CHE 637. Organic Chemistry II & Biochemistry
This intensive and accelerated course fully integrates organic chemistry and biochemistry topics. It covers chemistry of carbonyl groups, amines, amino acids, carbohydrates, lipids, and radical reactions. The biochemistry topics covered include protein structure, purification, and analysis; enzyme kinetics and inhibition; allosteric proteins including hemoglobin; glycolysis; gluconeogenesis; pyruvate dehydrogenase, TCA cycle; electron transport chain; ATP synthase; signal transduction; glycogen degradation and synthesis; pentose phosphate pathway; fatty acid oxidation; reactive oxygen species and antioxidants.
4 hours lecture and 3 hours laboratory; 5 credits. Accelerated course pacing. Enrollment limited to post-baccalaureate premedical students. Prerequisites: CHE 636. Spring Term. Ahmed-Schofield, Greco, Schultz.

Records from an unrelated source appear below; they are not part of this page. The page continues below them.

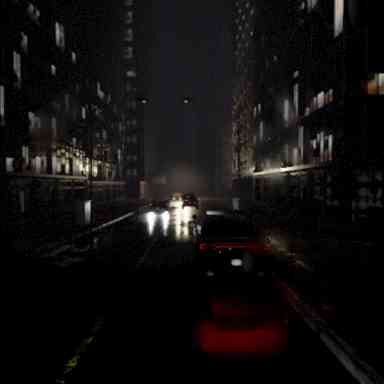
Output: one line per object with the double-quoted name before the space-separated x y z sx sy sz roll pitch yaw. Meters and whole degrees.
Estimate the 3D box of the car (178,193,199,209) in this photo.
"car" -0.226 1.179 37.643 2.033 1.411 5.357 0 0 0

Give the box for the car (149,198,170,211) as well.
"car" -3.382 1.258 34.964 1.895 1.301 4.718 0 1 0

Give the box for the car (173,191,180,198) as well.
"car" -3.679 0.576 84.105 2.097 1.767 4.553 0 1 -1

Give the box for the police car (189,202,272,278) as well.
"police car" 0.967 1.324 9.931 1.930 1.638 5.238 0 1 0

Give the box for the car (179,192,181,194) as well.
"car" -0.388 0.885 48.324 2.097 1.767 4.553 0 0 0
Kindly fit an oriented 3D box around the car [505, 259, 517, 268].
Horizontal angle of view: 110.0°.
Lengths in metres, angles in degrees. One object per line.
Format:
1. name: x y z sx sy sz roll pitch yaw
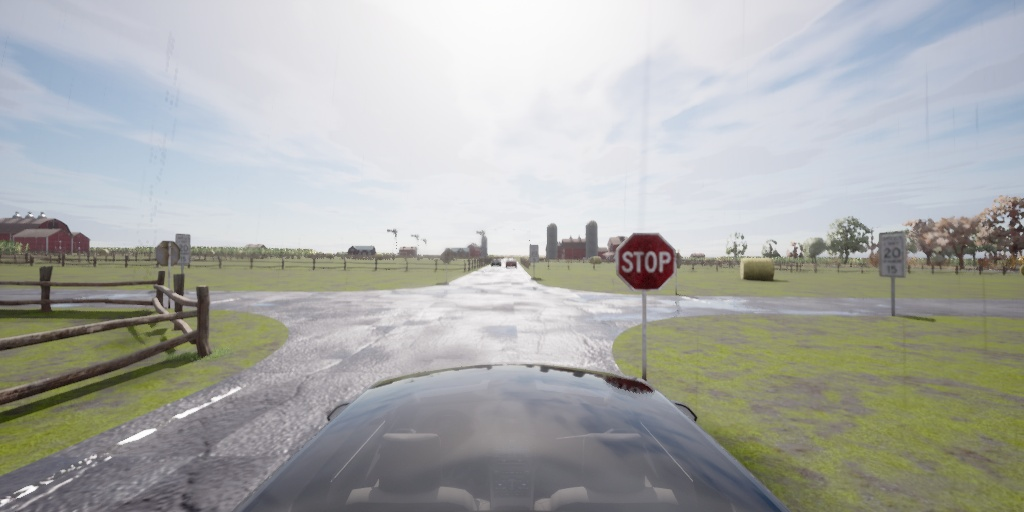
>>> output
1. car: -0.128 1.213 60.571 1.882 1.535 5.008 0 0 0
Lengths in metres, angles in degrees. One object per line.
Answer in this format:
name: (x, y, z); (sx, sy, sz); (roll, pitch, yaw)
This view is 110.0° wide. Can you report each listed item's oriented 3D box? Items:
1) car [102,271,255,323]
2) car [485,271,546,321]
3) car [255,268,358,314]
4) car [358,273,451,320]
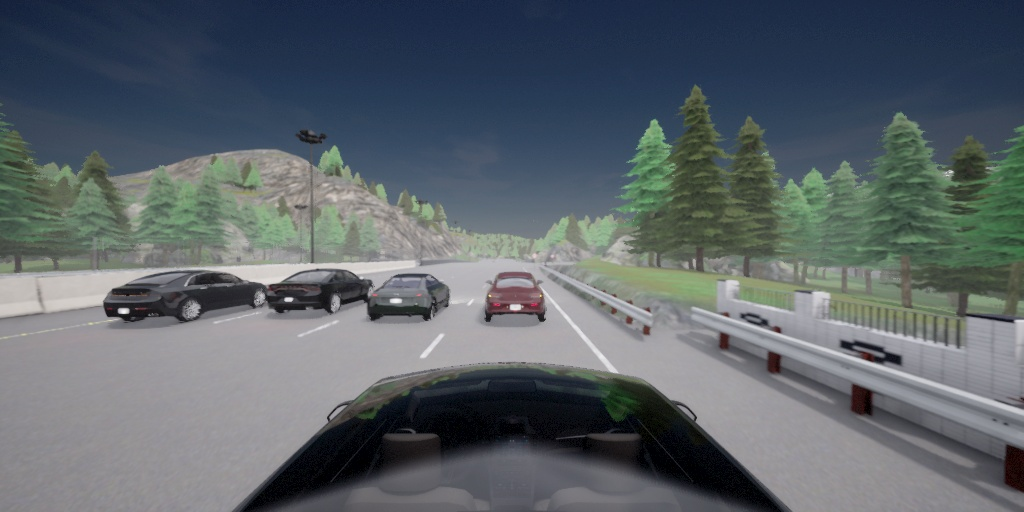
car: (-10.396, 1.221, 12.023); (1.837, 1.490, 4.892); (0, 0, 0)
car: (0.091, 1.243, 12.192); (1.812, 1.442, 4.674); (0, 0, 0)
car: (-6.896, 1.190, 13.552); (1.882, 1.535, 5.008); (0, 0, 0)
car: (-3.396, 1.280, 12.499); (1.994, 1.385, 4.181); (0, 0, 0)
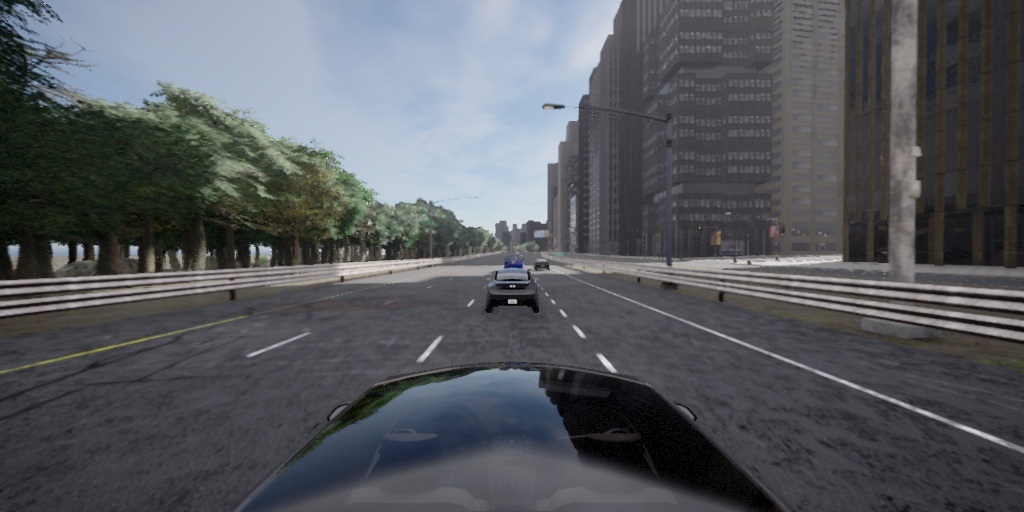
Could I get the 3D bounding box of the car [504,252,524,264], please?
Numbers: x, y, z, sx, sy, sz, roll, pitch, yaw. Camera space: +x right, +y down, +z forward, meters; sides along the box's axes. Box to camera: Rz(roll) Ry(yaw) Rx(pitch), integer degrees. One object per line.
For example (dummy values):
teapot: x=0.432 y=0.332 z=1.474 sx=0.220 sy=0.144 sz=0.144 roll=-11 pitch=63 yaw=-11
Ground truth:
car: x=0.192 y=0.811 z=42.210 sx=2.150 sy=2.045 sz=5.566 roll=0 pitch=0 yaw=1

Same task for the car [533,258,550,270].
car: x=3.838 y=1.032 z=46.970 sx=1.882 sy=1.535 sz=5.008 roll=0 pitch=1 yaw=1

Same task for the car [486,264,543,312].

PHY 542. Principles of Physics I
The course is the first half of the Principles of Physics sequence, which focuses on reasoning from fundamental principles and problem-solving skills. In the first semester, we focus on principles involving motion, force, and energy. Students will learn to use mathematical models for these principles; observe and measure many physical phenomena; and analyze problems by identifying the correct model and using it to derive solutions. Topics include Newtonian mechanics, kinematics and dynamics of linear and angular motion, gravity, energy and momentum, fluids, and thermal physics. This course will use algebra and trigonometry as tools in developing the universal language of physics, but emphasis will be on intuitive understanding and visualization of various phenomena in nature governed by physical laws.
3 hours lecture, 3 hours laboratory; 4 credits. Enrollment limited to post-baccalaureate premedical students. Fall semester. Yoder.
PHY 543. Principles of Physics II
This course is the second half of the Principles of Physics sequence that emphasizes how to reason from fundamental principles to draw conclusions about how the world works. Topics in this semester include simple harmonic motion, mechanical and electromagnetic waves, acoustics, the nature of light and color, electricity and magnetism, and geometrical and physical optics.
3 hours lecture, 3 hours laboratory; 4 credits. Enrollment limited to post-baccalaureate premedical students. Prerequisite: PHY 542. Spring semester. Yoder.
BIO 547. Biology and Biomedical Sciences I
This 5-credit intensive biology course for post-baccalaureate students covers the fundamentals of biochemistry, cell biology, genetics, and microbiology. The course provides an understanding of cell structure, both prokaryotic and eukaryotic, and gene expression, followed by a thorough study of the principles of inheritance, genetic disease and mapping, and gene therapy/engineering. Also included are investigations of pathogens, cancer, and evolution. Fundamentals of biochemistry integrated as a foundation for CHE 637 in the spring.
Enrollment limited to post-baccalaureate premedical students. 4 hours lecture, 3 hours laboratory; 5 credits. Prerequisite: CHE 540, CHE 636. Fall semester. Lenkowski, Garaycochea, Hiller, Van Breukelen.
BIO 548. Biology and Biomedical Sciences II
This 5-credit continuation of Bio 547 will cover comparative aspects of physiology and as it generally relates to humans, including disease-related topics. The lab component includes histology and anatomy explored through mammalian dissection. Course topics include: Development; Metabolism; Endocrinology; Digestion; Respiration and Gas Transport; Cardiovascular & Circulation; Nervous system; Muscle types; Renal Function; Immune System; Neuropsychology & Behavior.
Enrollment limited to post-baccalaureate premedical students. 4 hours lecture, 3 hours laboratory; 5 credits. Prerequisite: BIO 547. Spring semester. Lenkowski, Garaycochea, Van Breukelen.